5- Parliamentary elections would then be held within six months of the enactment of the new constitution, all of which would allow the various political forces generated by the revolution to build their political organizations and to be able to put up candidates and campaign throughout the country.
In both meetings, attendents spoke frankly with Moussa, one of them - an Egyptian pharmacist who recently returned from the US - asking him about the state of his heatlh, and whether he was taking any drugs that might affect his judgement or retard the swiftness of his reaction to developments.
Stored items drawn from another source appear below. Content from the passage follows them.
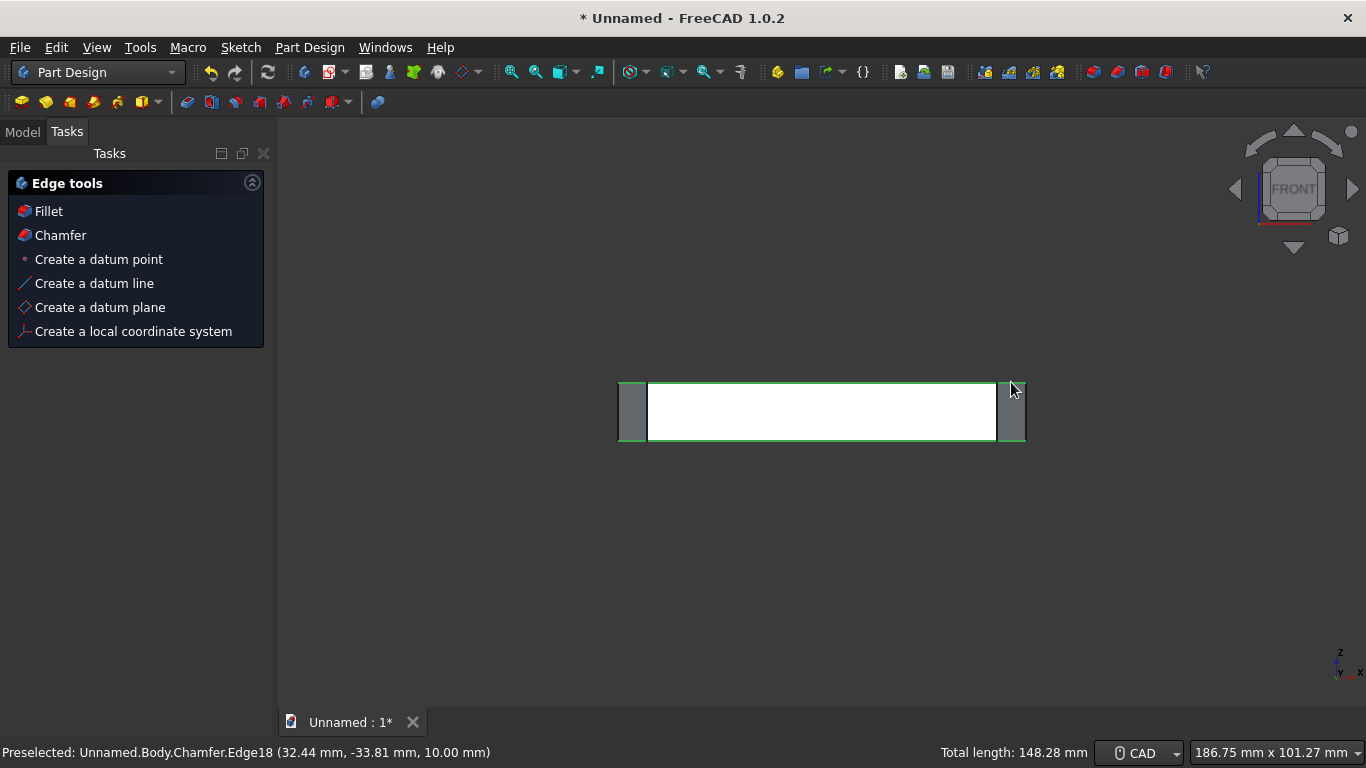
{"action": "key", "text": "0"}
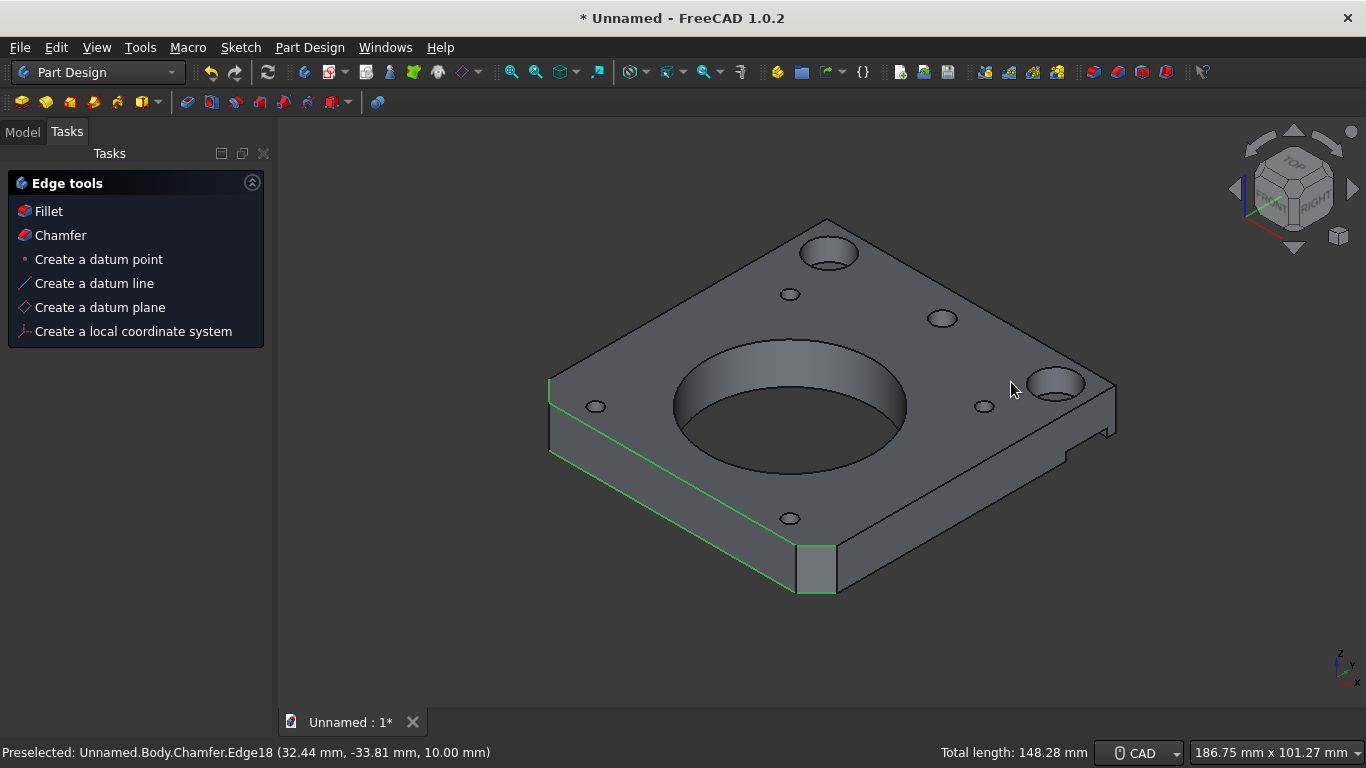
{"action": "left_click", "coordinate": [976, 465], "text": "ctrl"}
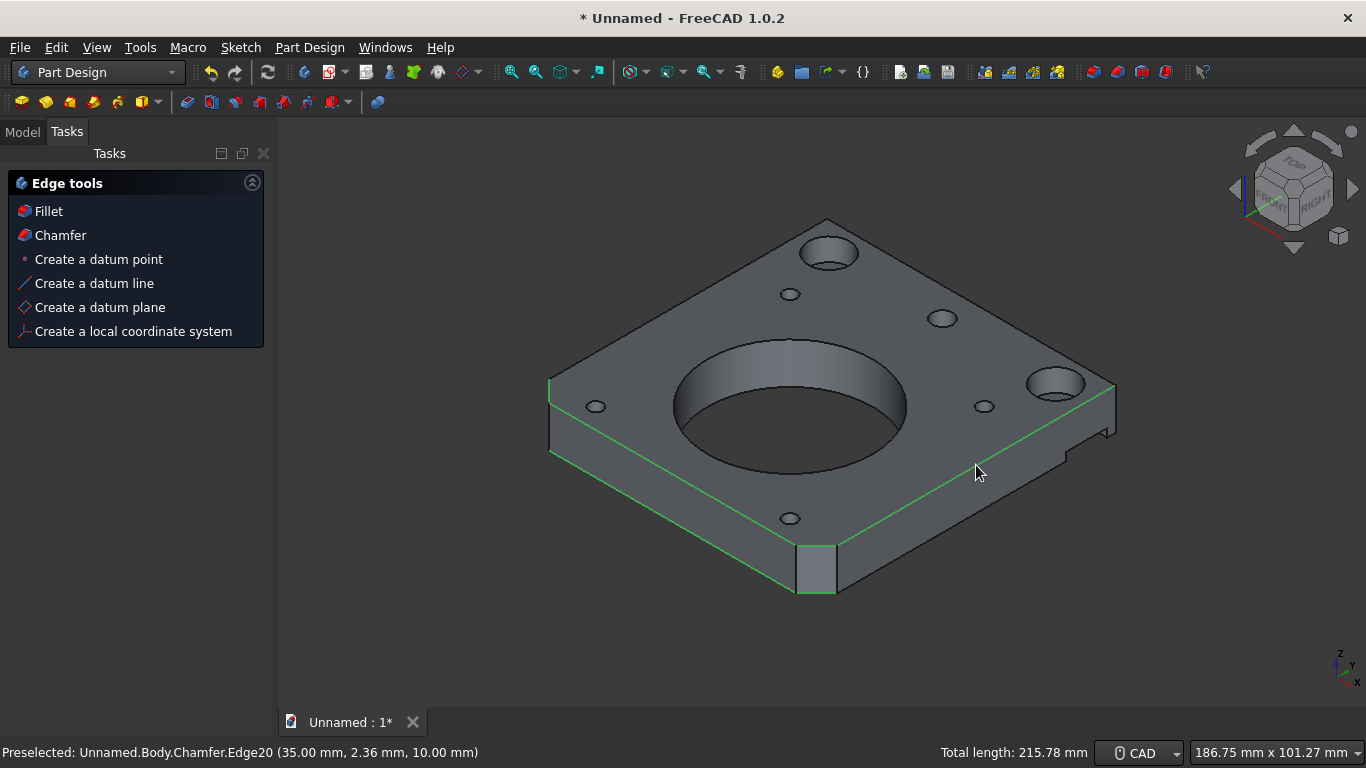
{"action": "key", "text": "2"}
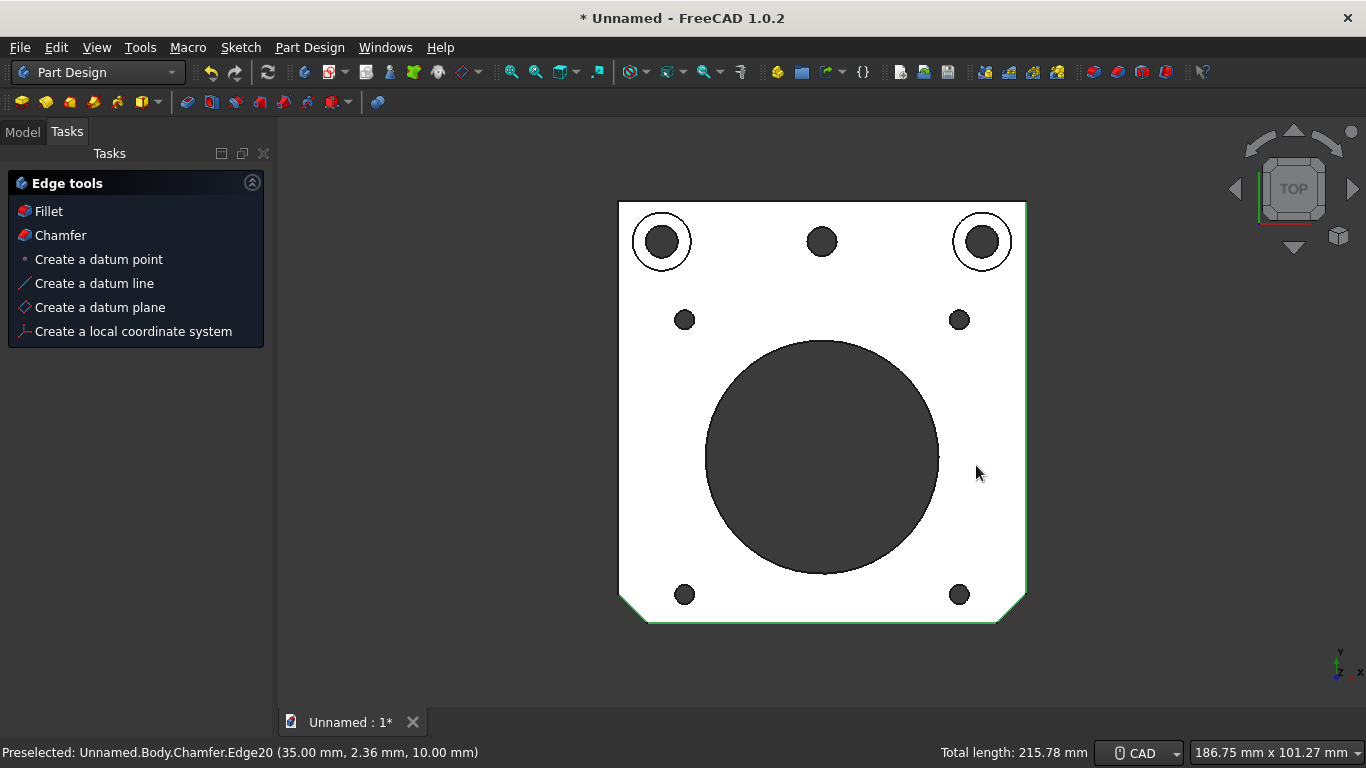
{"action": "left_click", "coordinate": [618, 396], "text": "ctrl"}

There was general agreement in both meetings, however, that Moussa should not wait till the end of his term in the Arab League before he intervenes openly and forcefully in the current political process in the country.
One participant told Moussa: "the attempts at counter-revolution may make your candidacy for president redundant; if the current timetable is put into effect we may not see presidential elections worth their name. You want to be president, you must act presidential now."
In spite of the delicacy of his position as Arab League Secretary General, Moussa had been making increasingly candid criticisms over the past few years of prevalent conditions in Egypt and in the rest of the Arab world. At the latest Arab Summit, held in the Egyptian resort of Sharm El-Sheikh on 14 January (some 10 days before the outbreak of the revolution) Moussa warned the Arab heads of state of the dire consequences of inequity and economic injustice. These conditions, he said, were “breaking the Arab spirit”.
During the early days of the Egyptian revolution, Moussa put his name to the founding statement of the committee of wise men, set up by a number of prominent Egyptian intellectuals to offer solidarity with the revolutionary youth. On a number of occasions, he walked out of the Arab League Secretariat building, on the western edge of Tahrir, and joined the tends of thousands of demonstrators gathered on the square.
Moussa is to end his term as Arab League Secretary General in April, whereupon he is expected to fully embark on his campaign.